StrikePoint · Methodology Architecture Guide

Penetration Testing Methodology — Framework, Taxonomy & Guardrails

The methodology that underpins every StrikePoint engagement. Its organizing idea: published testing frameworks are dynamically-loaded library checklists, bound by the engagement agreement, that pass or fail through defined acceptance & surrender levels. Standards-based, outside-in, and productizable as a service.

Scope: Methodology architecture — not exploit code Verification: Primary-source cited throughout Revised: 2026-07-06
Verified Confirmed against a primary / authoritative source Contested Accurate but with a documented limitation or version-sensitivity

Section 01How the system works — the spine

StrikePoint's methodology is not a single checklist. It is a linker model: the industry frameworks are versioned libraries of checks, the signed agreement is what binds a chosen subset of them to a specific target, and the surrender levels are the assertions that grade the result. This is the organizing principle every later section is an instance of.

Libraries

Methodology modules

PTES phases, OWASP WSTG/MASTG test categories, OSSTMM channels, per-surface MITRE ATT&CK technique sets. Versioned. Load only what scope calls for.

Linker

The engagement agreement

Resolves which modules load, against which assets, up to which ceiling. An unbound check is unauthorized access — so binding is the legal firewall, not a formality.

Runtime + assertions

Surrender levels

Each loaded check resolves on the S0–S4 ladder. The Pass Threshold decides pass/fail; the Authorization Ceiling is the hard bound the run cannot exceed.
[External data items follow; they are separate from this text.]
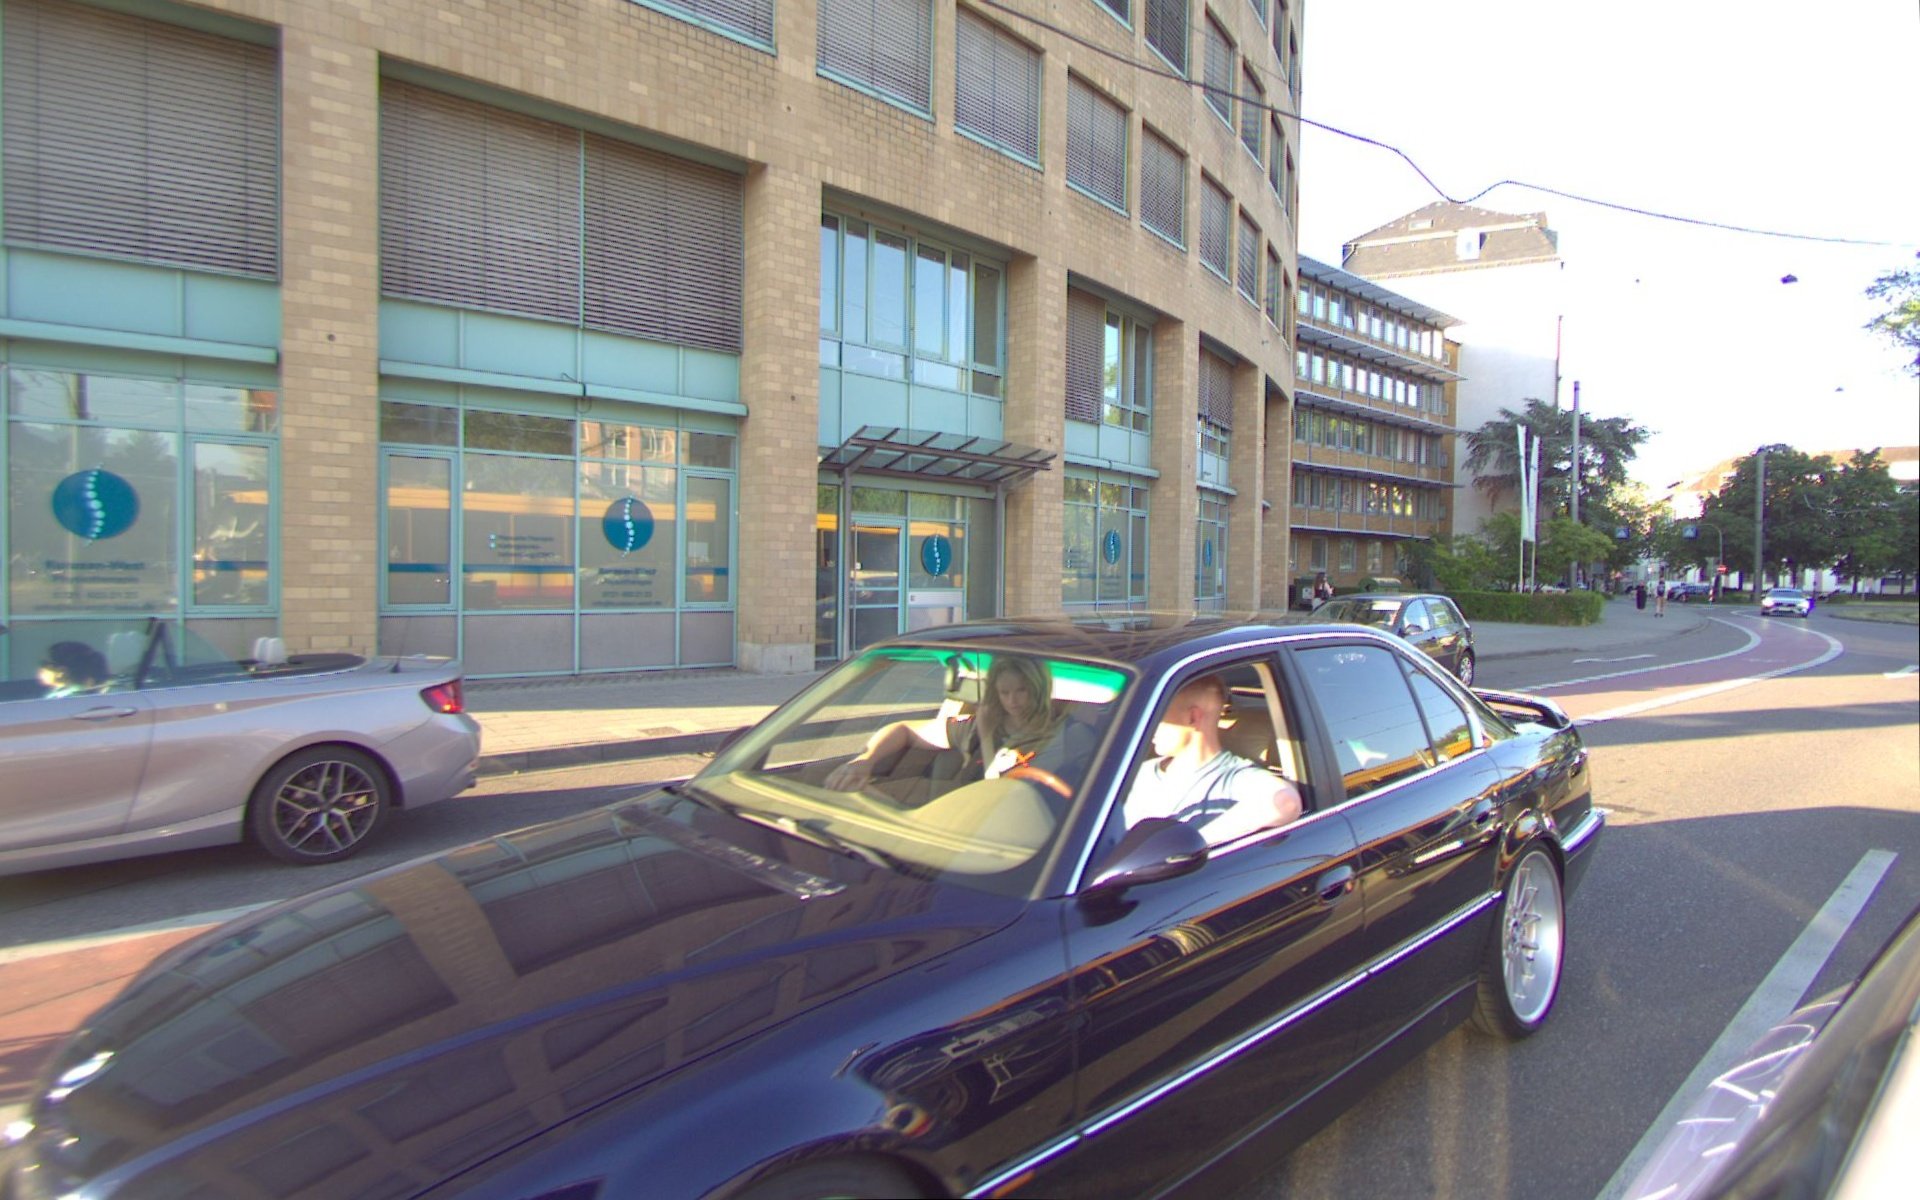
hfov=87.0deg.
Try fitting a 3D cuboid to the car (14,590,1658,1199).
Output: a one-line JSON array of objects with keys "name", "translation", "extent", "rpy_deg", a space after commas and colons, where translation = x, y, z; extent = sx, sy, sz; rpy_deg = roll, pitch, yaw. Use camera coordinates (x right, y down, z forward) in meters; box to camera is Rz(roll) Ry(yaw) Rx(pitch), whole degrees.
[{"name": "car", "translation": [0.303, 0.690, 3.165], "extent": [4.656, 1.402, 1.997], "rpy_deg": [-1, 1, -41]}]

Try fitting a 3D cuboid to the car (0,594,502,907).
[{"name": "car", "translation": [-4.876, 0.695, 5.374], "extent": [4.153, 1.402, 1.747], "rpy_deg": [-1, 1, -40]}]

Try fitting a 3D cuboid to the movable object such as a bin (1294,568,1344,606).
[{"name": "movable object such as a bin", "translation": [14.334, -0.539, 40.426], "extent": [1.310, 1.477, 1.425], "rpy_deg": [-1, 2, -43]}]

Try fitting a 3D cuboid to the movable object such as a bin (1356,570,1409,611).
[{"name": "movable object such as a bin", "translation": [15.801, -0.377, 37.833], "extent": [1.311, 1.477, 1.424], "rpy_deg": [-1, 2, -45]}]

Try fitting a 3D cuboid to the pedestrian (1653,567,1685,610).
[{"name": "pedestrian", "translation": [32.304, -0.516, 46.123], "extent": [1.107, 1.918, 0.910], "rpy_deg": [0, 1, -41]}]

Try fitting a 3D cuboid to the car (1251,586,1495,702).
[{"name": "car", "translation": [6.070, 0.528, 14.688], "extent": [3.932, 1.404, 1.757], "rpy_deg": [-1, 2, -42]}]

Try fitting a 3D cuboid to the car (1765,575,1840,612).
[{"name": "car", "translation": [42.750, -0.335, 51.351], "extent": [3.925, 1.771, 2.000], "rpy_deg": [-1, 2, -36]}]

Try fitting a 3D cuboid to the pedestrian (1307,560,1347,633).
[{"name": "pedestrian", "translation": [8.857, -0.096, 24.420], "extent": [0.702, 1.702, 0.626], "rpy_deg": [-1, 2, -44]}]

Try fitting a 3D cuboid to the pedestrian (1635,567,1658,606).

Section 02Framework comparison — the libraries

The modules StrikePoint composes. PTES is the lifecycle spine, ATT&CK the technique taxonomy, the Cyber Kill Chain the narrative, PCI/NIST the compliance-grade structure, OSSTMM the measurable channel model, and TIBER-EU the threat-led authorization model. OWASP's WSTG page is the canonical index of recognized methodologies.1

FrameworkOwnerPhase / structureRole in StrikePointStatus
PTESPen Testing Execution Standard7 phases: Pre-engagement, Intelligence Gathering, Threat Modeling, Vulnerability Analysis, Exploitation, Post-Exploitation, Reporting1Master engagement lifecycleVerified
MITRE ATT&CKMITREMatrix of tactics (TA####) × techniques (T####), outside-in from Reconnaissance to Impact5Technique taxonomy & citable ID systemVerified
NIST SP 800-115NIST (Sept 2008)4 phases: Planning, Discovery, Attack, Reporting; written authorization required before testing2US federal baseline; authorization gateVerified
OSSTMM 3ISECOM5 channels (Human, Physical, Wireless, Telecommunications, Data Networks) + RAV metric (exposure/visibility/trust/controls)7Measurable channel & attack-surface scoringVerified
Cyber Kill ChainLockheed Martin7 stages: Reconnaissance, Weaponization, Delivery, Exploitation, Installation, C2, Actions on Objectives6Adversary-progression narrative for reportsContested
PCI DSS Pentest GuidancePCI SSC3-phase lifecycle: Pre-engagement, Engagement, Post-engagement8Compliance structure for cardholder-data clientsVerified
TIBER-EUEuropean Central Bank3 phases: Preparation, Testing, Closure — live production, full consent9Threat-led red-team + authorization modelVerified
OWASP WSTG / MASTGOWASPTest-category checklists for web (WSTG) & mobile (MASTG) surfaces1Depth checklists for web & mobileVerified
CRESTCREST (int'l body)Accreditation for firms + certification for individuals; recognized by UK NCSC CHECK10Industry accreditation / trust referenceVerified
ISSAFOISSGAssessment framework linking pentest steps to tools; last updated 2006, no longer maintained11Historical reference only — not a live standardContested
Two libraries carry currency caveats. ISSAF has not been updated since 2006 — use as reference, never as the governing standard.11 The Cyber Kill Chain is accurate as its authors intended but widely criticized as linear and perimeter/malware-centric, weak on insider threats and lateral movement6 — use it for narrative; prefer ATT&CK as the authority for lateral movement and post-exploitation.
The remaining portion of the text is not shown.